KKR is seeking to sell a minority stake in Internet Brands, which runs websites such as WebMD. This will set the valuation for a single-asset secondary the firm is exploring for more time and capital to grow the company, sources told affiliate title Buyouts.
The deal is among a flood of single-asset secondaries to hit the market since last year, helping to drive secondaries volume to record levels. Single-asset secondaries deals have become the dominant form of GP-led transactions that also include multi-asset continuation fund deals, strip sales and tender offers.
KKR is working with Lazard on the process, which just kicked off, sources said. A KKR spokesperson declined to comment.
The deal could total in a range from $2 billion to $3 billion, sources said.
KKR acquired Internet Brands in 2014 from Hellman & Friedman and JMI Equity. The deal was valued at around $1.1 billion, according to reports at the time. Internet Brands operates popular consumer websites like WebMD, as well as online media for businesses. The company acquired WebMD in 2017 for about $2.8 billion.
Internet Brands has grown revenues and profits by 8x since KKR took over, according to Lynn Walsh, chief development officer and general counsel with the company. The company has done more than 20 add-ons under KKR’s sponsorship across its verticals, which includes health, legal, automotive and home and travel, Walsh said.
“Year over year, from 2020 to 2021, we’ve grown revenues and profitability more than 20 percent, which is the reason our sponsor wants to continue to be our sponsor and to strengthen our cap table,” Walsh said.

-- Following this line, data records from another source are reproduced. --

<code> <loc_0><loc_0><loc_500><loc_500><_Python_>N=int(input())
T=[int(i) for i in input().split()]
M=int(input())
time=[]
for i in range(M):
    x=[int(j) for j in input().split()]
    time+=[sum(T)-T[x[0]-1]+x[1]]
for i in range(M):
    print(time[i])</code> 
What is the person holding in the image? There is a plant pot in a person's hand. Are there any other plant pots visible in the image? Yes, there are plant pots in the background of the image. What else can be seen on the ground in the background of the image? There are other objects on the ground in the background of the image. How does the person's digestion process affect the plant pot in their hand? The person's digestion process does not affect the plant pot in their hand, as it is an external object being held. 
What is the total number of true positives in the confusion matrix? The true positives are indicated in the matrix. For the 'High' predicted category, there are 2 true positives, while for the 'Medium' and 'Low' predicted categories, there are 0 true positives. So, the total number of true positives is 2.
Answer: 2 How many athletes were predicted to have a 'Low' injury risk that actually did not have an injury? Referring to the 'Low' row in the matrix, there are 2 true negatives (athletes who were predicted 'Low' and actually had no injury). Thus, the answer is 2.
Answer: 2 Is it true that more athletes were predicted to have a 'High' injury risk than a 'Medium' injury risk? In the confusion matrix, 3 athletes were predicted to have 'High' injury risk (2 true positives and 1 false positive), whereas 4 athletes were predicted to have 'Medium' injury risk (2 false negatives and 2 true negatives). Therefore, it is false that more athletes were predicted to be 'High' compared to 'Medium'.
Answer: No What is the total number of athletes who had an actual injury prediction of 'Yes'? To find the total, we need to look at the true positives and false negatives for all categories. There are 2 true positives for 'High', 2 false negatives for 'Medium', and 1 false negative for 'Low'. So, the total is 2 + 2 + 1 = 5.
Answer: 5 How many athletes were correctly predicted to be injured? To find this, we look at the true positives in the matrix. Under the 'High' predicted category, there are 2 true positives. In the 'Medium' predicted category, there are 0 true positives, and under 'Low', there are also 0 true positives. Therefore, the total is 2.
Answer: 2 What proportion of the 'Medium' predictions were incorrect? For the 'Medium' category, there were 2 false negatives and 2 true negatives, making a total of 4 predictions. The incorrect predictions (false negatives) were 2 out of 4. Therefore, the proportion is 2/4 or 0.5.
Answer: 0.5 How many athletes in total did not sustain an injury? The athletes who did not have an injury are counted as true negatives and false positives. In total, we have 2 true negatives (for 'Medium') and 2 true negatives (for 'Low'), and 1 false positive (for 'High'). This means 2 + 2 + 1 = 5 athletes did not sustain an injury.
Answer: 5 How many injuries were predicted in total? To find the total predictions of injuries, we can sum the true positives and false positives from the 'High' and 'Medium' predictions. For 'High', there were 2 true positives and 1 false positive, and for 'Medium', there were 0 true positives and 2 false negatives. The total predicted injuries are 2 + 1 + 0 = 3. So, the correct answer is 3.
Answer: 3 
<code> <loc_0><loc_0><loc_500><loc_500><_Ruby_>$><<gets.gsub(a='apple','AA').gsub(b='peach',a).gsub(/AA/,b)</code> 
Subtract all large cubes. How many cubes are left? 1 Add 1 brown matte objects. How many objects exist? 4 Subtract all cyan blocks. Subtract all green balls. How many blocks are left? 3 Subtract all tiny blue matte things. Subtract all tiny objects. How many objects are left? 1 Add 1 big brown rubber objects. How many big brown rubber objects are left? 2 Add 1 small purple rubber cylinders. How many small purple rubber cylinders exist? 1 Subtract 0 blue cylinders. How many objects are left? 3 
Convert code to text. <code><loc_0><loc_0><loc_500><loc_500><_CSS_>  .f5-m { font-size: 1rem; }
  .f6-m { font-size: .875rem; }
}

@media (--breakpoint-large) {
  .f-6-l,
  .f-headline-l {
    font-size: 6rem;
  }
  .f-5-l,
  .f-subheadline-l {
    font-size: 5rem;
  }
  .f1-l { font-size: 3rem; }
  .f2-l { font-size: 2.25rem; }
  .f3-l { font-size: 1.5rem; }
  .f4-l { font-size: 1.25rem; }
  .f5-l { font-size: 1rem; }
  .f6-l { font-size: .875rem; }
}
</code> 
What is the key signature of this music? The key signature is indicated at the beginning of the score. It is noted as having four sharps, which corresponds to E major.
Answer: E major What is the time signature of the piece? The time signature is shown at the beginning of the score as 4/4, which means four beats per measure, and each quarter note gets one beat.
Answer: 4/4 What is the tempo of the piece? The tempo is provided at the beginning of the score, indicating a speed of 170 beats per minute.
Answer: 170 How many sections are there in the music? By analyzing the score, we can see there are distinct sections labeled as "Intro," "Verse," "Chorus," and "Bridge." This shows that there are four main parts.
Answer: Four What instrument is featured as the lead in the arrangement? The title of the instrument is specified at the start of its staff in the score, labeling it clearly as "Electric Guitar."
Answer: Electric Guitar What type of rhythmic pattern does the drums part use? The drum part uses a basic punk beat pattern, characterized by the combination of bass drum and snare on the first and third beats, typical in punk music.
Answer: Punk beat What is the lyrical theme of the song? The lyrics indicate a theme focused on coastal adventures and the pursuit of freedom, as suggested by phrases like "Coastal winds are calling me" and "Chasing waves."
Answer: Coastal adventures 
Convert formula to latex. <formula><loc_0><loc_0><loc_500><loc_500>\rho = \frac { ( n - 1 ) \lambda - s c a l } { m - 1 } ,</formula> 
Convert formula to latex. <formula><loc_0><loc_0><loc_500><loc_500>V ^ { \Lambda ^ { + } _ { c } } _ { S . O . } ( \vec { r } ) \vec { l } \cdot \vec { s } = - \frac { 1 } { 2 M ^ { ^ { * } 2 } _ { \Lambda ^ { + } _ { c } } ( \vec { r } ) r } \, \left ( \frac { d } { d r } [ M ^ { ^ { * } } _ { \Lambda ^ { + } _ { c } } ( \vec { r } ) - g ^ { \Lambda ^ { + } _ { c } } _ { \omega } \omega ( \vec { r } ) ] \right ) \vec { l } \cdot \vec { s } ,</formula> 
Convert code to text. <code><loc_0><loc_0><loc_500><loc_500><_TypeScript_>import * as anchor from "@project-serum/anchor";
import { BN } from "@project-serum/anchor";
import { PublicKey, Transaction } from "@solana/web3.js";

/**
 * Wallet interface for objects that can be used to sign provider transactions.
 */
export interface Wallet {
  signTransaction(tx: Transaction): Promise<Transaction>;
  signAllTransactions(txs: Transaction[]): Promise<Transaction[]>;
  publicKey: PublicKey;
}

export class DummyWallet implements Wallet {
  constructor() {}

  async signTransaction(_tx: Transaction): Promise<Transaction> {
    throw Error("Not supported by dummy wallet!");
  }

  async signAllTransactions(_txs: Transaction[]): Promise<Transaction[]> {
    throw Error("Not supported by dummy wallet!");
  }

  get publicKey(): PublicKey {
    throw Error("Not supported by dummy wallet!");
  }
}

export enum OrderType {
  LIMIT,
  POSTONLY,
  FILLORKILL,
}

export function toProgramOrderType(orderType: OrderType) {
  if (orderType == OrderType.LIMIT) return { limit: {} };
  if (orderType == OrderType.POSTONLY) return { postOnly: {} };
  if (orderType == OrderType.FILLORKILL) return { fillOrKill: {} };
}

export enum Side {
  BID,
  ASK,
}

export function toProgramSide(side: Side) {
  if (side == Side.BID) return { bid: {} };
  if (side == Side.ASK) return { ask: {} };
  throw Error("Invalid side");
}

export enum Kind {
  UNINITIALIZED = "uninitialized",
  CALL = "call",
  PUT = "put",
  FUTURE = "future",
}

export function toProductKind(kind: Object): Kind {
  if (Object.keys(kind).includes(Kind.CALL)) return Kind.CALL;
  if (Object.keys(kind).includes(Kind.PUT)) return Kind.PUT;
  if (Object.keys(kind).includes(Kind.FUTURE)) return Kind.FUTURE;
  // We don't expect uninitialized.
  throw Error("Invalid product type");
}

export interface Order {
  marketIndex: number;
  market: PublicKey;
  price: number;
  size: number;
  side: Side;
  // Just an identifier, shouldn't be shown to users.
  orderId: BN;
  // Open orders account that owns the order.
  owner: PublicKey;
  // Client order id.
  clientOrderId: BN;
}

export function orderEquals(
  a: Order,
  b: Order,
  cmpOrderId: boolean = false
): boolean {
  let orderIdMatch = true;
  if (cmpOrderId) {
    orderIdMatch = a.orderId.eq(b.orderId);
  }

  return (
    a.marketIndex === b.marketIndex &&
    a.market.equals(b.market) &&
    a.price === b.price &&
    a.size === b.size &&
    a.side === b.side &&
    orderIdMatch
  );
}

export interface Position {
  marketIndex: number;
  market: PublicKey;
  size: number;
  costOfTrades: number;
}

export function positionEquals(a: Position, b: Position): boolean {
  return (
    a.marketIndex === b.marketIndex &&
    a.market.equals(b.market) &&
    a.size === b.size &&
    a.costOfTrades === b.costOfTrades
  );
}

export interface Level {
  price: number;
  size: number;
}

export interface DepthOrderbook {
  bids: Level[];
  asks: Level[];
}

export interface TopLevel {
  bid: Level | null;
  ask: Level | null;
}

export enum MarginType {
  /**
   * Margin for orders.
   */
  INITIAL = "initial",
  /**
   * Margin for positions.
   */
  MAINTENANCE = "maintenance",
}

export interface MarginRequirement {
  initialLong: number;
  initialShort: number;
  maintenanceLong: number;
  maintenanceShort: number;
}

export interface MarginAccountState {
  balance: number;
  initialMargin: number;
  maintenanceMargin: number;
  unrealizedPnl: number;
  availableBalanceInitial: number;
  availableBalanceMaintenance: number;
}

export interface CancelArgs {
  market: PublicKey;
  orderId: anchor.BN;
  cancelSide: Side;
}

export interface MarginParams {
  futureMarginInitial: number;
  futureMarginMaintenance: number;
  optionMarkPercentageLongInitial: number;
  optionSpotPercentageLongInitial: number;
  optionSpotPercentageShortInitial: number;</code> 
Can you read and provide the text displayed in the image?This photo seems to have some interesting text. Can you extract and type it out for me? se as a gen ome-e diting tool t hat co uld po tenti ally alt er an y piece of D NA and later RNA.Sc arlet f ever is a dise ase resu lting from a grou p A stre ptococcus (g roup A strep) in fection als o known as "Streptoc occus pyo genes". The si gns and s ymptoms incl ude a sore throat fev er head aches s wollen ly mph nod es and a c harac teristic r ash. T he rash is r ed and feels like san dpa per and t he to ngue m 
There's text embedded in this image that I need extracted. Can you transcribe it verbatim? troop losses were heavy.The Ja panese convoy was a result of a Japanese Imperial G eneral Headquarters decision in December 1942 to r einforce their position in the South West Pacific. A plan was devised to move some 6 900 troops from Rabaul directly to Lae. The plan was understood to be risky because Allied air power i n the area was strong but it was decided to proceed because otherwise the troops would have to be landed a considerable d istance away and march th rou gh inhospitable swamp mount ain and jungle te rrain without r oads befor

The secondaries deal would allow LPs in KKR’s North America Fund XI fund to either cash out of their stakes in the company or roll into the continuation fund. It’s not clear if LPs will have the option to roll with the same economics they had in the older fund.
Several recent single-asset secondaries deals have had their valuations set by earlier minority stake sales. This is considered a strong mechanism because it gives the asset value market validation, as opposed to hiring one or more external firms to provide fair value assessments.
However, some buyers have begun pushing back on auction-set valuations for secondaries deals, preferring to perform their own price discovery. Auction-set valuations makes the process quicker, though buyers may have different views on valuation from the GP.
Other single-asset deals in the market include Warburg Pincus’s process for Duravant.
In 2021, GP-led secondaries deals like single-asset continuation funds represented about 52 percent of the $132 billion in total estimated activity, according to Jefferies full-year secondaries volume report, published this week. Traditional LP volume was $64 billion in 2021, representing a 156 percent increase from 2020, Jefferies said.